Member of the House of Keys for Douglas South
- In office 1976–1981
- Monarch: Elizabeth II
- Governor: John Warburton Paul
- Succeeded by: Adrian Duggan

Personal details
- Born: 30 November 1931 Douglas, Isle of Man
- Died: 5 January 2003 (aged 71) Isle of Man
- Party: Mec Vannin, then Manx National Party
- Spouse(s): June Taylor (1953–2003, his death)
- Children: 2
- Profession: Baker, politician

= Peter Craine =

British baker and politician (1931–2003)

Peter Alfred Craine (30 November 1931 - 5 January 2003) was a Manx baker and politician who served as Member of the House of Keys (MHK) for Douglas South.

==Politics==
He was originally elected with the Manx nationalist party Mec Vannin. In the 1976 election, they stood ten candidates and only Craine was successful. He is the only ever Mec Vannin MHK, although several ex-members later became MHKs. As an MHK, he held a number of posts in the Tynwald; he said he never turned a job down:
- Chairman of the Sea Fisheries Advisory Committee (1976–81)
- Chairman of the Assessment Board (1980-1)
- Vice-Chairman of the Manx Electric Railway Board (1976–81)
- Member of the Forestry, Mines and Lands Board (1976–80)
- Member of the Board of Agriculture and Fisheries (1976–81)
- Member of the Wild Life Park Committee (1976–81)
- Member of the Unemployment Committee (1980–81)

Craine successfully campaigned for the purchase of the Isle of Man Railway by the island government.
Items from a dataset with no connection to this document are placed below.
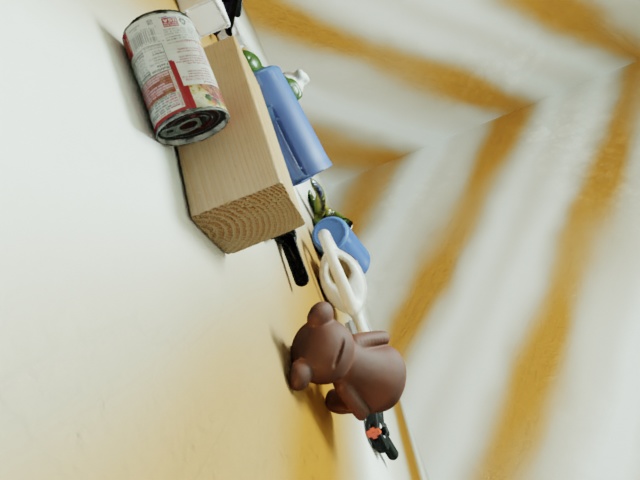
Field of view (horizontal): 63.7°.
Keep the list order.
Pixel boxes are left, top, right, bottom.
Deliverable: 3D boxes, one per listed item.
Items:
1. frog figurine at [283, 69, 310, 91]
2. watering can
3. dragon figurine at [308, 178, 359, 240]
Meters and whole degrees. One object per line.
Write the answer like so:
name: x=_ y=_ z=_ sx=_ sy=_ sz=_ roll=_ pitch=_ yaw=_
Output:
frog figurine: x=-0.097 y=-0.396 z=1.425 sx=0.136 sy=0.159 sz=0.124 roll=50 pitch=20 yaw=-77
watering can: x=0.071 y=0.138 z=1.227 sx=0.224 sy=0.104 sz=0.349 roll=31 pitch=36 yaw=-83
dragon figurine: x=0.005 y=-0.088 z=1.757 sx=0.247 sy=0.123 sz=0.402 roll=45 pitch=-18 yaw=53

Craine subsequently left Mec Vannin, joining the short-lived breakaway Manx National Party which was formed in 1977 and after Craine lost the election in 1981 the Manx National Party soon ceased to exist. He unsuccessfully contested Douglas West the following year as an independent.

After he left the Tynwald, he was a councillor on the Douglas Corporation (1985-1992) and was Deputy Mayor of Douglas from 1991-2.

==Personal life==
Craine was born in Douglas and attended Douglas High School for Boys. He married June Taylor in 1953, with whom he had a son, David, a daughter, Diane, and four grandchildren. David married Anne Valerie née Kerruish, the daughter of former President of the Tynwald and speaker of the House of Keys Charles Kerruish, in 1978; Anne was an MHK from 2003 to 11. Peter was a master baker and was interested in "sailing, photography, Manx and military history, railways, heavy horses, ornithology, rifle shooting and philately".